One of the more interesting things that I got to see at Gen Con was the MetaArcade booth. They’re working on an interesting new concept: digital roleplaying. That sounds like computer or console-based RPGs, like the Final Fantasy series or Secret of Mana. But it’s not. Here, let me explain. In order to explain, we’ll need to go back in time to 1975, in Phoenix, Arizona.
A librarian by the name of Ken St Andre read a friend’s copy of Dungeons and Dragons, and loved the idea of fantasy roleplaying. However, he thought that D&D‘s rules were too complex, and the need for multiple polyhedral dice would intimidate new players. So he wrote his own game in the same genre, calling it Tunnels and Trolls. Although it was very similar to D&D in feel and style, the rules were more straightforward, and it only required six-sided dice. St Andre self-published the first edition, and in July of that year, Flying Buffalo mass produced the first commercial edition.
One of the many things that set T&T apart from D&D (and other later roleplaying games) was that the game line included several solo adventures. These were choose-your-own-adventure-style books that walked a player through an adventure. Something like this:
68) You emerge from the tunnel to find yourself in a large chamber. The walls are decorated with banners embroidered with the symbol of the sun god. Two goblins are standing to one side. When you enter, they immediately attack. They both have 3D6 + 10 combat adds. If you fight them off, go to 35. If they are victorious, go to 82.

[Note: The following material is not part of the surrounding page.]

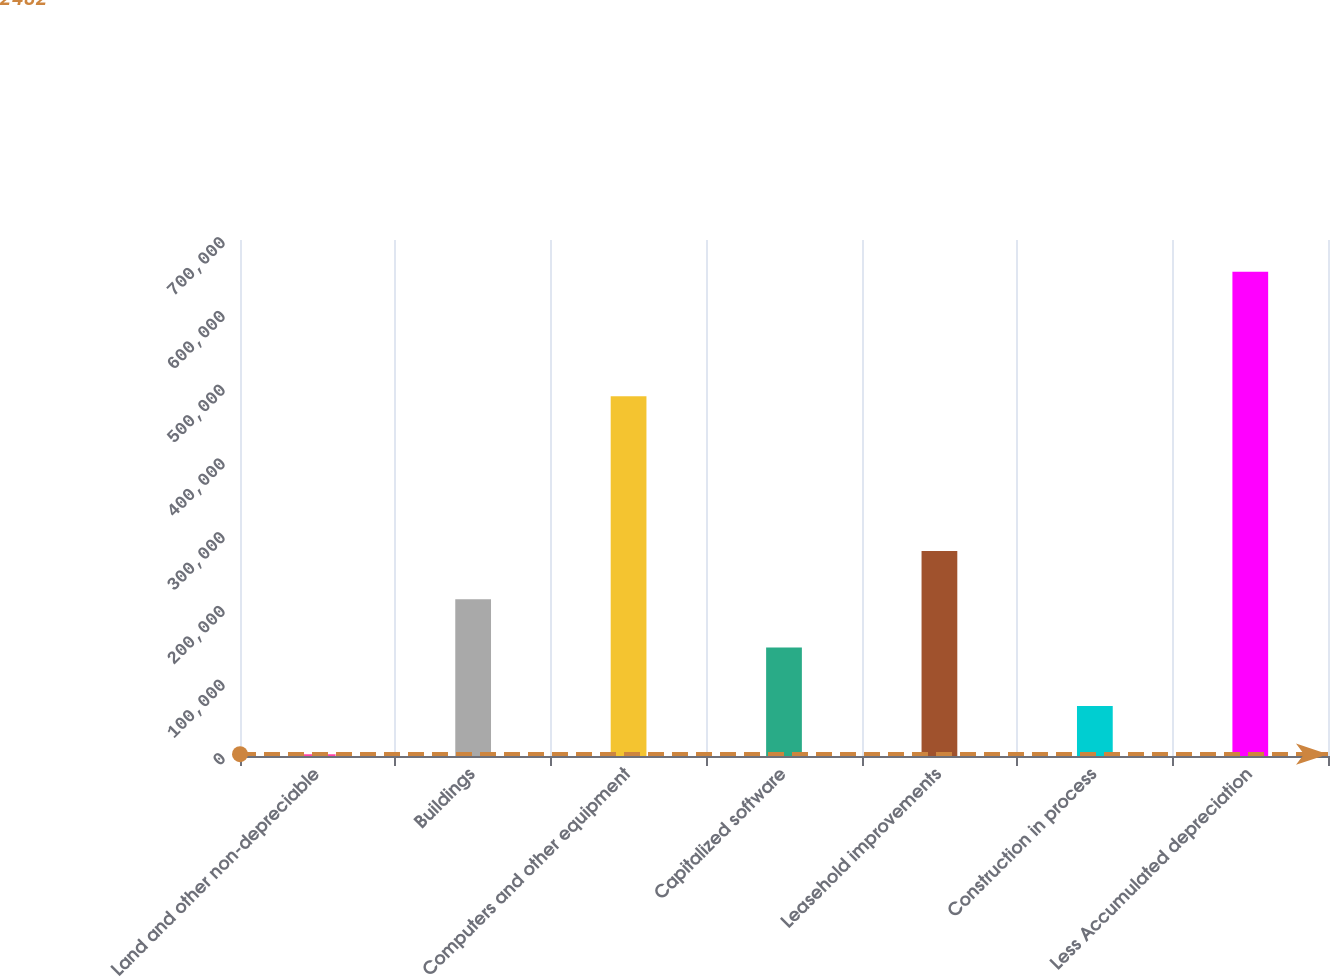<chart> <loc_0><loc_0><loc_500><loc_500><bar_chart><fcel>Land and other non-depreciable<fcel>Buildings<fcel>Computers and other equipment<fcel>Capitalized software<fcel>Leasehold improvements<fcel>Construction in process<fcel>Less Accumulated depreciation<nl><fcel>2482<fcel>212557<fcel>488160<fcel>147104<fcel>278009<fcel>67934.6<fcel>657008<nl></chart>

There’s much more to be said about Tunnels and Trolls, but this article isn’t about that game per se. So we’ll move on:
What is MetaArcade?
In a nutshell, MetaArcade is a platform that converts solo adventures like the ones described above into a digital format. I got to demo their sample game at Gen Con. They handed me a tablet computer with headphones. The game first asked if I wanted to use a pre-generated character or if I wanted to make my own. I chose to use a pre-generated one. It then provided me with text describing the story. I was playing a prisoner in a town where the guards gave criminals a sword and escorted them into the tunnels beneath the town. Anyone who survived to exit on the other side were set free.
Soon, the text was describing the first tunnels I saw, with black-and-white line drawings to illustrate. It asked me which corridor I wanted to follow, and allowed me to click on a button to indicate my choice. Any time I needed to make a roll, it animated some dice rolling across the screen, and informed me if I had succeeded or failed. It kept track of all my ability scores, hit points, and spell points. All I had to do was make decisions (such as ‘Do you want to go left or right?’ and ‘Do you want to attack the orc, or try to talk to him?’)
MetaArcade partners with Tunnels and Trolls
The first MetaArcade adventures will use the T&T rules set. If I remember correctly, some of them will be original stories by Ken St Andre himself. This seems appropriate, given that T&T pioneered the solo adventure in RPGs. What better game to use to launch a new digital solo adventure platform?
Plans for the Future
I spent some time talking to the representative at the MetaArcade booth. She told me that they plan to make more rules sets available when they are able. But even more exciting, they hope to open the system to authors and illustrators. The way she described it to me, it sounded as though anyone who wanted to would be able to write adventures for players of MetaArcade, using any of the available rules systems. Authors would decide whether to make their stories available for free, or to charge players to play.
The system is still in early development stages. They put me down to receive an email once the system was ready to go. But for now, we’ll just have to wait.
One thing that I did find very promising was that, after I had completed my adventure, the nice young woman who was talking to me informed me that she had checked out the PinkFae site. She said that the company was looking forward to being inclusive, and that one of the advantages of letting anyone write adventures was that people were free to include any sort of character they liked. She was very affirming about the possibility of trans characters in stories on the MetaArcade platform. So that’s reassuring!
Obviously, it being early early days yet, it’s hard to say for sure what the future holds. But I think the project has potential. If nothing else, for people who have trouble finding others to game with, this platform may offer a solution. I for one will be keeping an eye on the MetaArcade site with great interest.